# Domaine de messagerie personnalisé



## hugome (14 Août 2022)

Domaine de messagerie personnalisé : quelques chose m'échappe ?

J'utilise un nom de domaine personnalisé depuis plus de 25 ans, avec la meme adresse mail, et depuis une petite dizaine d'année, c'est devenu compliqué avec apple qui empêche d'émettre des mails iCloud avec cette adresse. Du coup j'aurais été intéressé, mais j'ai l'impression qu'il y a deux gros loups : 

le nombre d'adresses que l'on peut créer est limité à 3. C'est un peu ridicule si on veut créer une adresse par membre de la famille.
l'adresse est forcément liée à un compte iCloud ; ça veut dire que ça empêche mes enfants de s'acheter un jour des androids sans perdre leur adresse mail. c'est un peu brutal.

Du coup, malgré l'intérêt que j'y porte, je vais sans doute laisser passer la proposition.
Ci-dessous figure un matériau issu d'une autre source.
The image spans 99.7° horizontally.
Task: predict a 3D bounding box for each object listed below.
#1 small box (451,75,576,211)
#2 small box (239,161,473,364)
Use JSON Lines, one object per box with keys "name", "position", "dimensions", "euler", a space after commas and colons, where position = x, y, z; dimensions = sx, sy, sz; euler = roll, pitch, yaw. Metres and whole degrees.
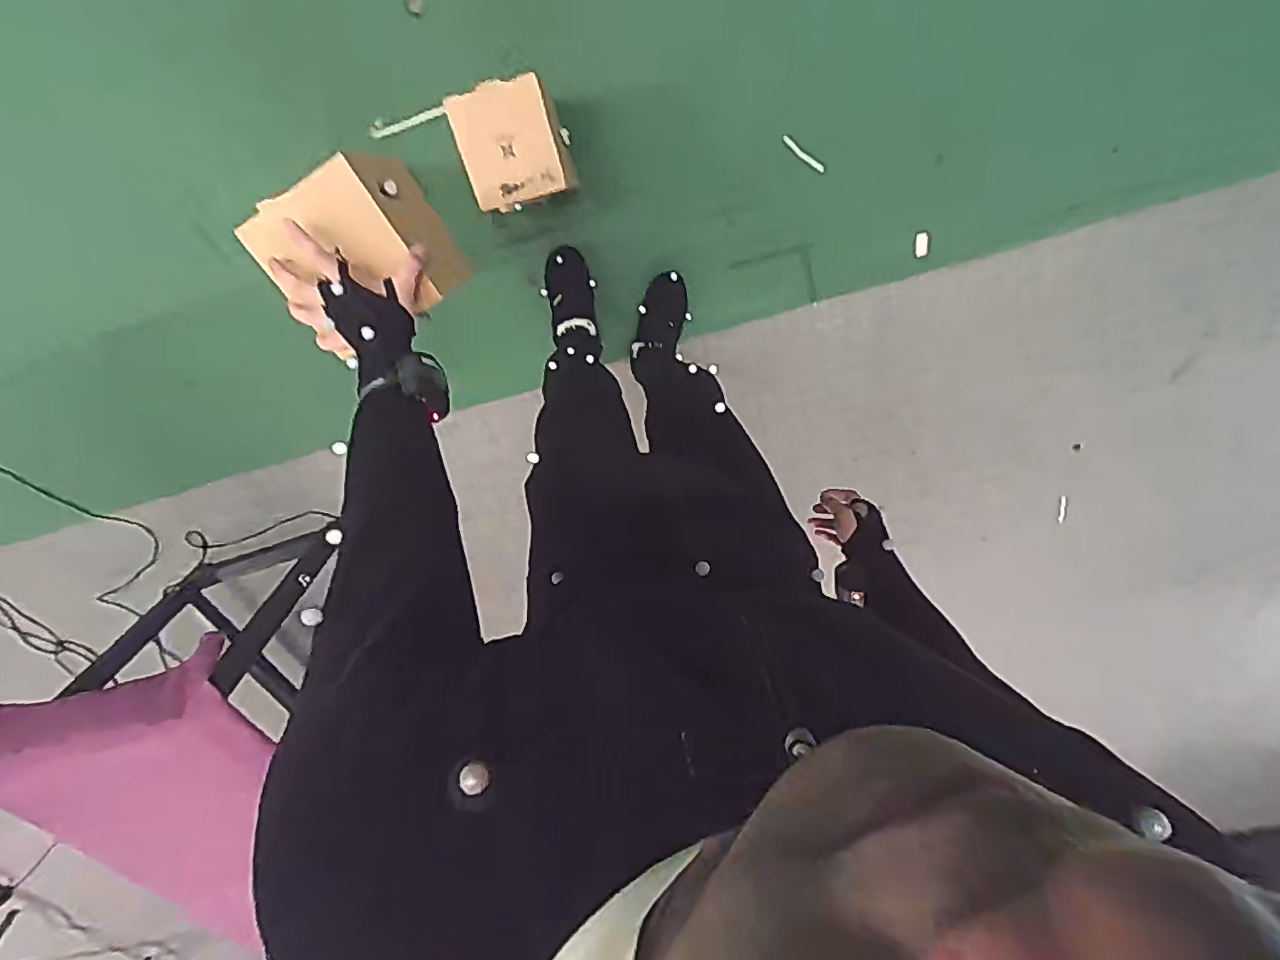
{"name": "small box", "position": [-0.224, -0.616, 1.006], "dimensions": [0.168, 0.176, 0.179], "euler": [-12, 119, 6]}
{"name": "small box", "position": [-0.351, -0.284, 0.707], "dimensions": [0.168, 0.176, 0.179], "euler": [-26, 116, 14]}
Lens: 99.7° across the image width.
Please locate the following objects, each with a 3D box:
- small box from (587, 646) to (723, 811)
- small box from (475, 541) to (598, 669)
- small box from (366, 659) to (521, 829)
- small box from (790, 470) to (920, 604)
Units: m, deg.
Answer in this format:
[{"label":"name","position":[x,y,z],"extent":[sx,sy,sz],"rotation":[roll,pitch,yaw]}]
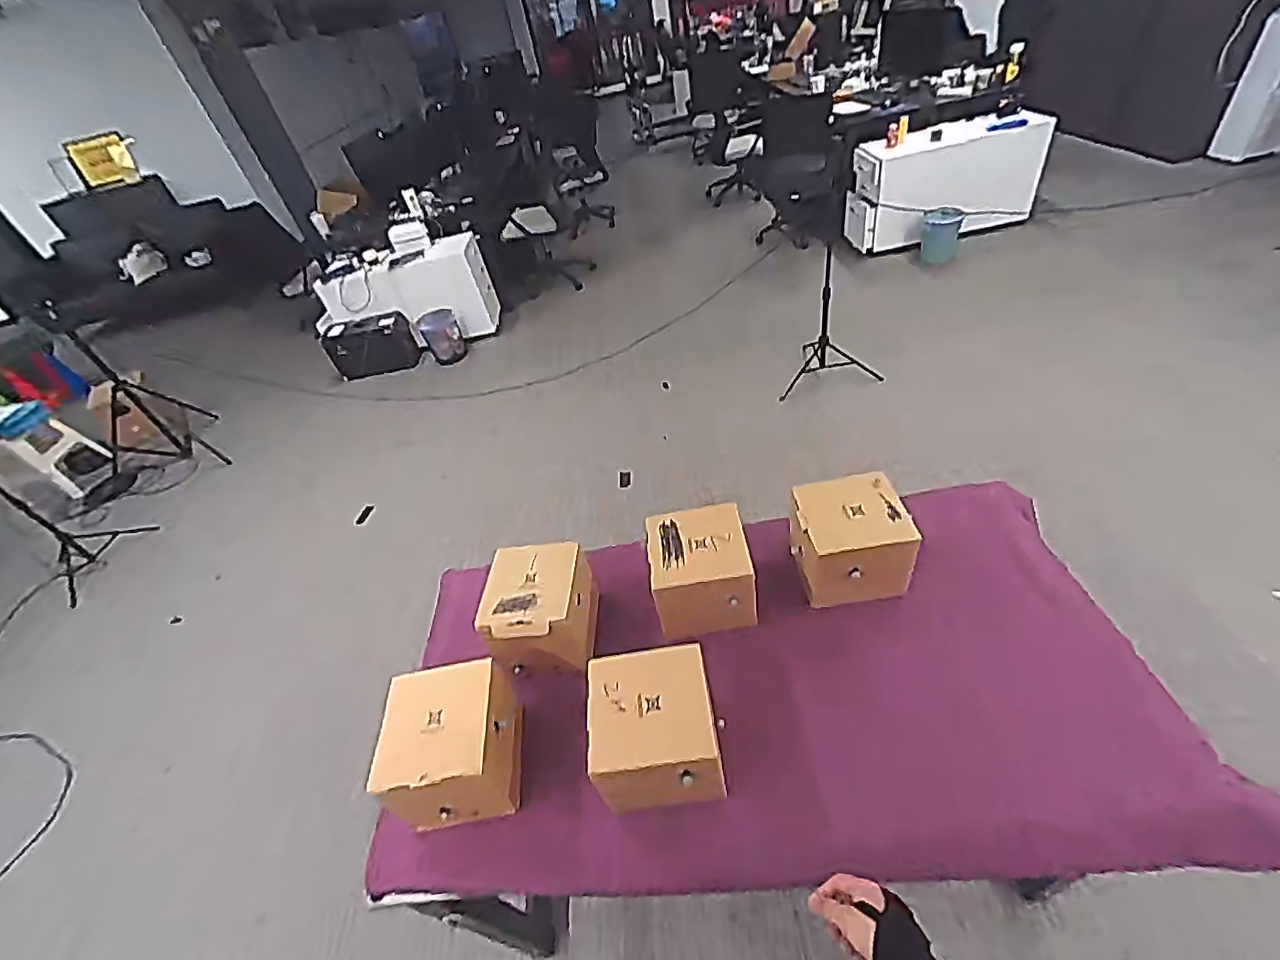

Vos réactions ?


----------



## ericse (15 Août 2022)

Bonjour,
Oui le domaine personnalisé avec iCloud a un peu trop de limitations, comme tu le décris.
Ton fournisseur d'email ne te propose pas de service SMTP ? 
Sinon si tu cherches un fournisseur d'email qui accepte les domaines perso, il y a Infomaniak qui n'est pas cher, mais je n'en connais pas de gratuit.


----------